1.3. Sulla base di tali dati fattuali, il tribunale ha osservato che la condotta predatoria realizzata dal ricorrente e dai suoi co-indagati esorbitava -comunquedal mandato recuperatorio conferito da NOME NOME, così che doveva ritenersi configurata una rapina e non il reato di ragion fattasi, in ciò rendendo una motivazione conforme all’insegnamento di questa Corte, che ha chiarito che «il concorso del terzo nel reato di esercizio arbitrario delle proprie ragioni con violenza o minaccia alle persone è configurabile nei soli casi in cui questi si limiti ad offrire un contributo alla pretesa del creditore, senza perseguire alcuna diversa ed ulteriore finalità» (Sez.
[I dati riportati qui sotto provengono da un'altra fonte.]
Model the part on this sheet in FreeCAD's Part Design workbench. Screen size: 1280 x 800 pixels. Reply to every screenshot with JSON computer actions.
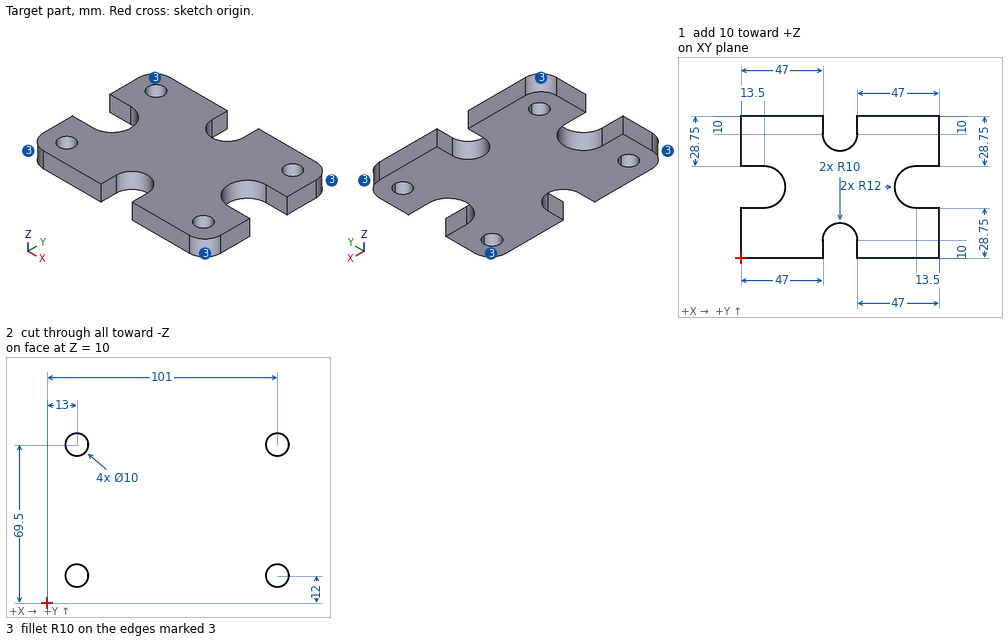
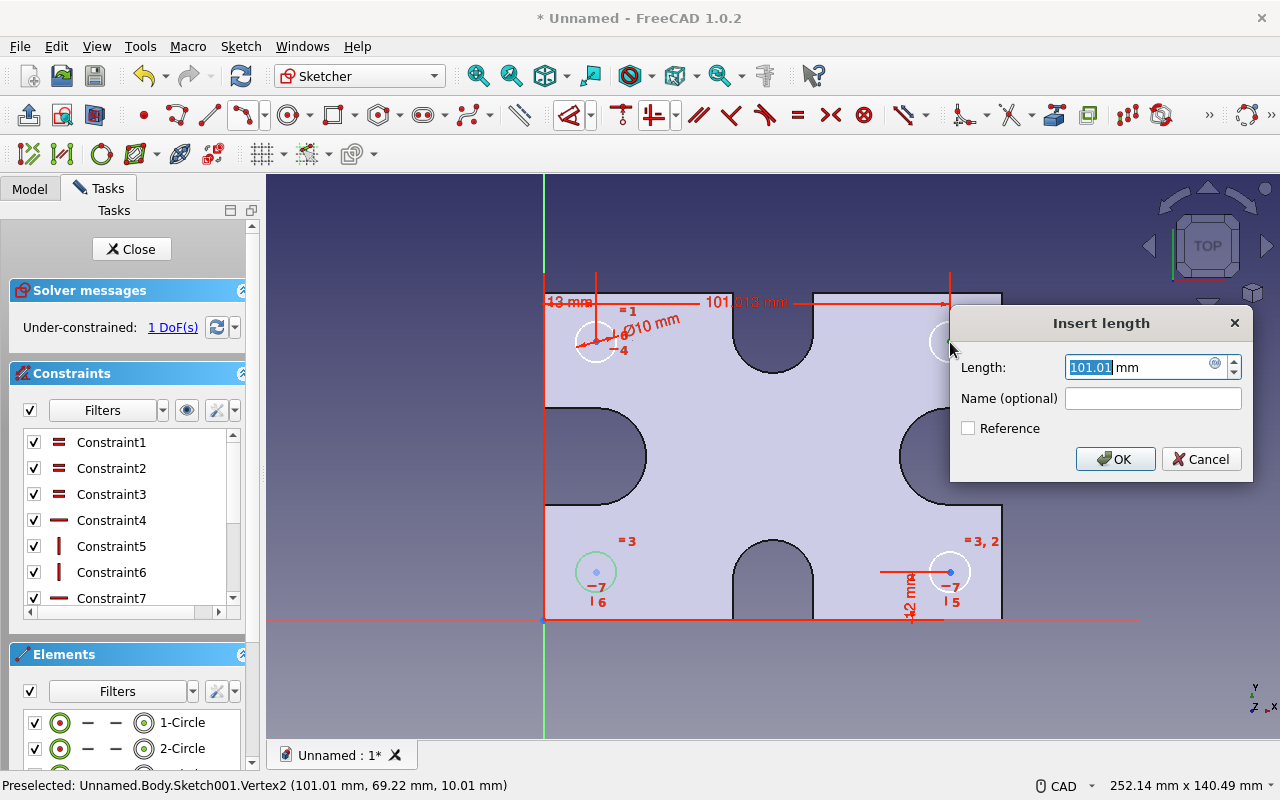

U, n. 29541 del 16/07/2020, COGNOME, Rv. 280027 – 03).
A fronte di una lineare e adeguata motivazione, resa sulla base di una completa e approfondita disamina delle risultanze investigative, oltre che nel rispetto dei principi di diritto vigenti in materia, le doglianze articolate nel ricorso non sono volte a evidenziare violazioni di legge o mancanze argomentative e manifeste illogicità della sentenza impugnata, ma mirano a sollecitare un improponibile sindacato sulle scelte valutative del tribunale.
Da ciò discende l’inammissibilità dell’impugnazione, che pone questioni non scrutinabili in sede di legittimità, atteso che, in tema di misure cautelari personali «il ricorso per cassazione è ammissibile soltanto se denuncia la violazione di specifiche norme di legge, ovvero la manifesta illogicità della motivazione del provvedimento secondo i canoni della logica ed i principi di diritto, ma non anche quando propone censure che riguardino la ricostruzione dei fatti ovvero si risolvano in una diversa valutazione delle circostanze esaminate dal giudice di merito» (Sez. 2, n. 31553 del 17/05/2017, COGNOME, Rv. 270628 – 01; Sez. 4, n. 18795 del
02/03/2017, COGNOME Rv. 269884 – 01; Sez. 6, n. 11194 del 08/03/2012, COGNOME Rv. 252178).
Quanto esposto comporta la declaratoria di inammissibilità del ricorso ai sensi dell’art. 616 cod. proc. pen., la condanna del ricorrente al pagamento delle spese del procedimento nonché, ravvisandosi profili di colpa nella determinazione della causa di inammissibilità, al pagamento in favore della cassa delle ammende della somma di euro tremila, così equitativamente fissata in ragione dei motivi dedotti.
P.Q.M.
Dichiara inammissibile il ricorso e condanna il ricorrente al pagamento delle spese processuali e della somma di euro tremila in favore della Cassa delle ammende.